BEGIN

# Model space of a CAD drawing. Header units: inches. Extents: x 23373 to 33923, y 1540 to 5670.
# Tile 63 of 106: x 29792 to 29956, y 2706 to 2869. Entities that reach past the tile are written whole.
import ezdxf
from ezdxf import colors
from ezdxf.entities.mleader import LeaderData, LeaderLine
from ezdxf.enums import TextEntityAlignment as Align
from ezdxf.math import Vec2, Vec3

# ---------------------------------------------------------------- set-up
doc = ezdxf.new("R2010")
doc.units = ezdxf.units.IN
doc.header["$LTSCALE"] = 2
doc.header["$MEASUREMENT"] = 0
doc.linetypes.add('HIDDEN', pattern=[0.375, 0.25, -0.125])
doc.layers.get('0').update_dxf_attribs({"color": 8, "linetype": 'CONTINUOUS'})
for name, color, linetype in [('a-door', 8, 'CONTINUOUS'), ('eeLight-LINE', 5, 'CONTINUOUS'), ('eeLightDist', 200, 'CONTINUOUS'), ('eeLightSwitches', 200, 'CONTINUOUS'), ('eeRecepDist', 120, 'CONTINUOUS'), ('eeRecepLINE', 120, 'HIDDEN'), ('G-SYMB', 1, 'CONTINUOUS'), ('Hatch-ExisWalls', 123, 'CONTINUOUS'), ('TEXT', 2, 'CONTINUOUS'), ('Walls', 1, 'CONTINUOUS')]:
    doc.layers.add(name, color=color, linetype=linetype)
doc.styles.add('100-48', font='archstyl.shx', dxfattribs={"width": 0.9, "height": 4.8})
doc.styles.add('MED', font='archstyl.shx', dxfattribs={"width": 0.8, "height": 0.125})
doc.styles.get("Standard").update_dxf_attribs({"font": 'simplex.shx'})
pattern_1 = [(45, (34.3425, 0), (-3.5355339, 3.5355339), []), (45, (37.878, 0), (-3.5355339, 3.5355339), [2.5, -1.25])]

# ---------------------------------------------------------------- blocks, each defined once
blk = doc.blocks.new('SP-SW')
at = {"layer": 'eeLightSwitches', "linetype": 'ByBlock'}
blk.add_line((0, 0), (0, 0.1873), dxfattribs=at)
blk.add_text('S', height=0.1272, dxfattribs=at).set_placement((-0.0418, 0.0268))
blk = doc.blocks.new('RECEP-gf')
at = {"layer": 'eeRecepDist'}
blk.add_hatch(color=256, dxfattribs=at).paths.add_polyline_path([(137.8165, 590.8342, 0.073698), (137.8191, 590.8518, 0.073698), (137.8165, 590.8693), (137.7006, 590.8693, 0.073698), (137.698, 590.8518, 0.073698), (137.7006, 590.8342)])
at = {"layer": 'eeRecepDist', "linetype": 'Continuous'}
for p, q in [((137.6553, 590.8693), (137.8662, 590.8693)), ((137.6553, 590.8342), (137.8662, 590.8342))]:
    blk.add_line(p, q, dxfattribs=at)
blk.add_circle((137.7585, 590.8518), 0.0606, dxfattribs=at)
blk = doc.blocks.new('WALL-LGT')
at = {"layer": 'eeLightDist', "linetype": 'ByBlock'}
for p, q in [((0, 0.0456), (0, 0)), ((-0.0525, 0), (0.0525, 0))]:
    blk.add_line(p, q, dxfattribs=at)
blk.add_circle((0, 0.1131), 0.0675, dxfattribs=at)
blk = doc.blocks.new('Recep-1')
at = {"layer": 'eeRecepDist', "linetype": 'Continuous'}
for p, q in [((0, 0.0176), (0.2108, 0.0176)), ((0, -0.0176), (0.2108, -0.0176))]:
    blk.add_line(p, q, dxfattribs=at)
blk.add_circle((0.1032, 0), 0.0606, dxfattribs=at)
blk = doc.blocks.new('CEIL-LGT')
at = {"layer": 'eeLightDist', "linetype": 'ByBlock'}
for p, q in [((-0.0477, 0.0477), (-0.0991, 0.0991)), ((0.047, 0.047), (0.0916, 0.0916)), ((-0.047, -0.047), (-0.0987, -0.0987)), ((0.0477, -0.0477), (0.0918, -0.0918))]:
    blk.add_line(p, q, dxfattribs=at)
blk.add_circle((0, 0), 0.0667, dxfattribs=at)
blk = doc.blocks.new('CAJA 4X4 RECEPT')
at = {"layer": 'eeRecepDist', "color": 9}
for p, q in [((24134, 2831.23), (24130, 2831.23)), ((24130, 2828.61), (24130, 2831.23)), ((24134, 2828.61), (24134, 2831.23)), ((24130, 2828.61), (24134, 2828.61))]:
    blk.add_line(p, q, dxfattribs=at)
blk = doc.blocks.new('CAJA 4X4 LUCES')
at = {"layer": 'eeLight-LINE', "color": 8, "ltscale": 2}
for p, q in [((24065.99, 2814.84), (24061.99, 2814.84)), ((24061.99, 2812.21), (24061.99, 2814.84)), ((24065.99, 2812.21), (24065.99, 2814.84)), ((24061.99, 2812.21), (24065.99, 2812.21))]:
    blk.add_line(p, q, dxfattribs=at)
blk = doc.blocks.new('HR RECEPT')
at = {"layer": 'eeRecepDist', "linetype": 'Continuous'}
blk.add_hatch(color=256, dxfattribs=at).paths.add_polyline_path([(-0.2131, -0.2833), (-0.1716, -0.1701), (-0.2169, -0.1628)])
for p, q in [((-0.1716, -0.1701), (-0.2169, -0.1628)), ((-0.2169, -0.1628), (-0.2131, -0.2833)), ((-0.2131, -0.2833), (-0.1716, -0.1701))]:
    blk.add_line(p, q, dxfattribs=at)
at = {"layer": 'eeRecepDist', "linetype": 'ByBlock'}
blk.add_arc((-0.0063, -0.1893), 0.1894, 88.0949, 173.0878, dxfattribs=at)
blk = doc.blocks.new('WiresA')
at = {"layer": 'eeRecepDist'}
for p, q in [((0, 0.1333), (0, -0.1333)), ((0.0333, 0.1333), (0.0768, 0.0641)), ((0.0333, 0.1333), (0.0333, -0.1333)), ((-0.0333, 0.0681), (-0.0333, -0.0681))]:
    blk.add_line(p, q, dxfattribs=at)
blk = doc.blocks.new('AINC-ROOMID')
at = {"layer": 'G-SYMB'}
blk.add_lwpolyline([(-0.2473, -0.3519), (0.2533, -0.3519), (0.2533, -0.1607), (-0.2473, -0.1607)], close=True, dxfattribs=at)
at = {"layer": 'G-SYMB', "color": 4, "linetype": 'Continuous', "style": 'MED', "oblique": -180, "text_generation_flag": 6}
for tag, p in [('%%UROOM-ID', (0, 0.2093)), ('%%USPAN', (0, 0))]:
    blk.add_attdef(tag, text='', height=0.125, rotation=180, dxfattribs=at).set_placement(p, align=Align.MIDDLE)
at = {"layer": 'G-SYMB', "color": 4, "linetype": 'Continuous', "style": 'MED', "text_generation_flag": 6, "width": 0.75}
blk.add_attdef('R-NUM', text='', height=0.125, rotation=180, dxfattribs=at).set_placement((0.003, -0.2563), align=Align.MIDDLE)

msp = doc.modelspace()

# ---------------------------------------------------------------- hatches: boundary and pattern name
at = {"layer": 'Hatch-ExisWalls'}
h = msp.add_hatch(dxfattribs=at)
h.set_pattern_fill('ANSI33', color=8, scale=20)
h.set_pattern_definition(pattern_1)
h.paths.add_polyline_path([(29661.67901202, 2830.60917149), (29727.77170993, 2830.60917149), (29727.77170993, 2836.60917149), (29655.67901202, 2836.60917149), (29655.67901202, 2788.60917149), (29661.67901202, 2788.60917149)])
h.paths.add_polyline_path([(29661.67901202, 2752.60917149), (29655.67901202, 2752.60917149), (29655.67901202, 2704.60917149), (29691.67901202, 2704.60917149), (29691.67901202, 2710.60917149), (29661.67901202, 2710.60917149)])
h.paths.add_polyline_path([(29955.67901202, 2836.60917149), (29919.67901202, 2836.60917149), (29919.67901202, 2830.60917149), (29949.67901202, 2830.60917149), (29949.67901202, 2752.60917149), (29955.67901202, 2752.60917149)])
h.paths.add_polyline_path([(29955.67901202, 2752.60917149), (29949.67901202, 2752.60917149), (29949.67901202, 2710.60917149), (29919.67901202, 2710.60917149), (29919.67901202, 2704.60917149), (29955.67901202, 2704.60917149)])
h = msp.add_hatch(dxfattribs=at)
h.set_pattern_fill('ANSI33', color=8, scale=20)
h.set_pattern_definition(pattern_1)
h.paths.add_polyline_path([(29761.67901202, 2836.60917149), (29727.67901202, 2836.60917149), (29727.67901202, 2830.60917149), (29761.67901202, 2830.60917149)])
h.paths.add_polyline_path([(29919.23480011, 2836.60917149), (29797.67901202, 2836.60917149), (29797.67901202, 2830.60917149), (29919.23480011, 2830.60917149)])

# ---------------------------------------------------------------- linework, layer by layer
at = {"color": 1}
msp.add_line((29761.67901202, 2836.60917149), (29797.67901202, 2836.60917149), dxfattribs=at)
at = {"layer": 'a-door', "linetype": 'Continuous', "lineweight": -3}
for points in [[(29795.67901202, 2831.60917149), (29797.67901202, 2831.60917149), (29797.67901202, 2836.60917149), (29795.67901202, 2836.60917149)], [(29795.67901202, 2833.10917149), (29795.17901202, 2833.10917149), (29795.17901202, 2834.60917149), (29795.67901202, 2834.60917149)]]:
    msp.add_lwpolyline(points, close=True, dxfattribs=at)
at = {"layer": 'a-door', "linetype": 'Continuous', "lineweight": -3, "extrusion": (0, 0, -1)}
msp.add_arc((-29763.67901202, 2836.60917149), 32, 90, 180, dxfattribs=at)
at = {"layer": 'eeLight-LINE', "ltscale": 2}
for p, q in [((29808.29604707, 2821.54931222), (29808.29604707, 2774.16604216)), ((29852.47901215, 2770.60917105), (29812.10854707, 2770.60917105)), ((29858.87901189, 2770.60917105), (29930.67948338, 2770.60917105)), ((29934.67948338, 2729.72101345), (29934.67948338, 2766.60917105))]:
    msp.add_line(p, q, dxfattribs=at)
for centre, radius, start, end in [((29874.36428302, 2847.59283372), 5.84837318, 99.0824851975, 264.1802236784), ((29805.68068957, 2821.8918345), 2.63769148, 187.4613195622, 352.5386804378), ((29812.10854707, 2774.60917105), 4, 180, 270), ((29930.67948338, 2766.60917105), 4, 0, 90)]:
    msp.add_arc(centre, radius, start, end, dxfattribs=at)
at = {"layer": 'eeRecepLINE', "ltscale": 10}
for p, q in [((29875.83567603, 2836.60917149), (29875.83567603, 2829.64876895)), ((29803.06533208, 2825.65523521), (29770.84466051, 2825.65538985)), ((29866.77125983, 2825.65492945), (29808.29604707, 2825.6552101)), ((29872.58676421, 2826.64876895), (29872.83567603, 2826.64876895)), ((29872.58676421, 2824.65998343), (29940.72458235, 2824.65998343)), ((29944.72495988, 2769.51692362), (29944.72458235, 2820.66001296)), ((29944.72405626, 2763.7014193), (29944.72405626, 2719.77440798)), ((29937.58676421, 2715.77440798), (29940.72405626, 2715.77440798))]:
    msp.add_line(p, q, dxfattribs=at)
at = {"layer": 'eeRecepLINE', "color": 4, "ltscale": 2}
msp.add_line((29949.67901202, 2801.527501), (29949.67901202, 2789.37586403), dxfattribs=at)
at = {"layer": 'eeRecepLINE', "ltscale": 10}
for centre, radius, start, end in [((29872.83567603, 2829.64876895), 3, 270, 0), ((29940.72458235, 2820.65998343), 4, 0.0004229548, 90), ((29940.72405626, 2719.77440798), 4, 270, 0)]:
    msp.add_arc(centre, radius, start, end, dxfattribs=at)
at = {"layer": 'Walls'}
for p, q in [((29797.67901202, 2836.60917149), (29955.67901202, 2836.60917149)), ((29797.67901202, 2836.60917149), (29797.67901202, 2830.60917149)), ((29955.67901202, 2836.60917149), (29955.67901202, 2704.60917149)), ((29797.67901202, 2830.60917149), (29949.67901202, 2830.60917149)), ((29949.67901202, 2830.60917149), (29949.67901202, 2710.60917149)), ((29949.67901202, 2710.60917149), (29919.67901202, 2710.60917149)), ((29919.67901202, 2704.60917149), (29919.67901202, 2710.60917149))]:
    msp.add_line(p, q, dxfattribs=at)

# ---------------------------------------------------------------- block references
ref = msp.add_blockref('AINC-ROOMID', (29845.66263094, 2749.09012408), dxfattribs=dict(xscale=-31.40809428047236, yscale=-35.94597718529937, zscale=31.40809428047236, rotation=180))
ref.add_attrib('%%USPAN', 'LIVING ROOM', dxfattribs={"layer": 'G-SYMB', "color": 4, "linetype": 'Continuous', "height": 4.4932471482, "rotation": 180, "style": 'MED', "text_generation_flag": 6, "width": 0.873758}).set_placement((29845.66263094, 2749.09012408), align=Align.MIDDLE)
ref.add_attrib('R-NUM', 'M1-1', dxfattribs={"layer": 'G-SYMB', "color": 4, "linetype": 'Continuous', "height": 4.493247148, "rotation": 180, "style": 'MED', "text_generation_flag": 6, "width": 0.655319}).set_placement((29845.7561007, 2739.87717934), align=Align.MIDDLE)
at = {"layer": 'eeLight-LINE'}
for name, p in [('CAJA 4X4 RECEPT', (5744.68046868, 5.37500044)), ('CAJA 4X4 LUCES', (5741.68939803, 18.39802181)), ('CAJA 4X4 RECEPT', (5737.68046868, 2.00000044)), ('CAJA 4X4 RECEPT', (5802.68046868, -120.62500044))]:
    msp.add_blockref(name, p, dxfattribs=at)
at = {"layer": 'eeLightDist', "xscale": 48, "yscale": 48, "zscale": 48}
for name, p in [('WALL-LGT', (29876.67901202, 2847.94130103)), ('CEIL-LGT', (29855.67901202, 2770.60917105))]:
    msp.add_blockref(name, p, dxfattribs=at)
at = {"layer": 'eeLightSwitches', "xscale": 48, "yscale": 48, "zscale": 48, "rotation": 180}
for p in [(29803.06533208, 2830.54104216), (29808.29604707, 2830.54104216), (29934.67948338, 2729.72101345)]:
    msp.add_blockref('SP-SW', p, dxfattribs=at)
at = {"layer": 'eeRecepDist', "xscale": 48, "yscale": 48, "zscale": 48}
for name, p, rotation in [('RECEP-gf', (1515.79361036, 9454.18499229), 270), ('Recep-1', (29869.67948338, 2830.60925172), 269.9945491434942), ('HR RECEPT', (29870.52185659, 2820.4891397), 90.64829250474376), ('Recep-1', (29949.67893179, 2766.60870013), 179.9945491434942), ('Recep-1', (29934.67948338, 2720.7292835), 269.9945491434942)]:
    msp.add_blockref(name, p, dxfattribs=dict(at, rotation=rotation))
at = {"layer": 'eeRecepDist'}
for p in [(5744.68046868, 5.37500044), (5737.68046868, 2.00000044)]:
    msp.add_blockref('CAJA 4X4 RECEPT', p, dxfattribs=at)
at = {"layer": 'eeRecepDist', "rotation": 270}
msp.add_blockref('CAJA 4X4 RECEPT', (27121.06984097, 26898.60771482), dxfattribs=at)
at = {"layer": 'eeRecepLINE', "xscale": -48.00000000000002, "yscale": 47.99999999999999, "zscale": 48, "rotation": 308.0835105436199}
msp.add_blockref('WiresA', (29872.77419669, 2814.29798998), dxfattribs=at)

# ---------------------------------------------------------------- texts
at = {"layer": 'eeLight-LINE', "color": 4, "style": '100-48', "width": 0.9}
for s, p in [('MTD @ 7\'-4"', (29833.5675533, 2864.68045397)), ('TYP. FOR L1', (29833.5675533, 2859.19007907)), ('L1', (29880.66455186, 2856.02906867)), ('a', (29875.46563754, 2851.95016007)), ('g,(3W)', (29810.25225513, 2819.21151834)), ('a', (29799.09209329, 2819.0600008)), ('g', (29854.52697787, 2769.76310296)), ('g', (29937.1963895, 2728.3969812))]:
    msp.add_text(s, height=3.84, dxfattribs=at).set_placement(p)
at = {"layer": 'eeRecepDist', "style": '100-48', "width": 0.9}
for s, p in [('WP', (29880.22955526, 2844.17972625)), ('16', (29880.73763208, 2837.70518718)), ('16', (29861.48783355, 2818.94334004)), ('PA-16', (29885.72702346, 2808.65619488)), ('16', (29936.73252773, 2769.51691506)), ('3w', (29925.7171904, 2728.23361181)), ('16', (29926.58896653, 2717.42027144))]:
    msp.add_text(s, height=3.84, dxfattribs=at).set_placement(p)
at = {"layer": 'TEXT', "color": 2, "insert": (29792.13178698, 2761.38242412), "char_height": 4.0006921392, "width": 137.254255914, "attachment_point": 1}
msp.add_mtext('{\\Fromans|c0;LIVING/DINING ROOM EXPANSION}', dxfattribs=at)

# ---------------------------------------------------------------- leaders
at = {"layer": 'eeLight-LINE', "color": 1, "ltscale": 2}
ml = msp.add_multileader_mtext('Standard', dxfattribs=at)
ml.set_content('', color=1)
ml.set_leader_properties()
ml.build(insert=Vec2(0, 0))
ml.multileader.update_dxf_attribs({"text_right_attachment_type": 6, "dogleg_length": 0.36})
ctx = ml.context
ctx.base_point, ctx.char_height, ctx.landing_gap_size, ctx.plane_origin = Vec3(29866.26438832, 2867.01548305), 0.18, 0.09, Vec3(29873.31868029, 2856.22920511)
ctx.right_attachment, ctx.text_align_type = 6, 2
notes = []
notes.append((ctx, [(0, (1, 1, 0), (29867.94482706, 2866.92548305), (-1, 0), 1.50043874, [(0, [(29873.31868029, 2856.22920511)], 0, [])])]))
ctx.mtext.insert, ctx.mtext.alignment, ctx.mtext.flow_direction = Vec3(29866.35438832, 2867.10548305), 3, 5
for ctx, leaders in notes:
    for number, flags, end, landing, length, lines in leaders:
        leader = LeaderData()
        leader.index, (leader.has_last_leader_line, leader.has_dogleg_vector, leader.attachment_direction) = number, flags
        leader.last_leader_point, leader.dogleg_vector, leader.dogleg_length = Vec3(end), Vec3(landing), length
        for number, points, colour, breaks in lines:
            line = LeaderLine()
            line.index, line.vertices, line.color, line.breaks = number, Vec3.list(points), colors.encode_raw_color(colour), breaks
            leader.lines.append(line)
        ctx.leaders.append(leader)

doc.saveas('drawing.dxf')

END

TASK TO CARRY OUT:
Return each line of the data above that includes the word "notes".

RESPONSE TO THE TASK:
notes = []
notes.append((ctx, [(0, (1, 1, 0), (29867.94482706, 2866.92548305), (-1, 0), 1.50043874, [(0, [(29873.31868029, 2856.22920511)], 0, [])])]))
for ctx, leaders in notes:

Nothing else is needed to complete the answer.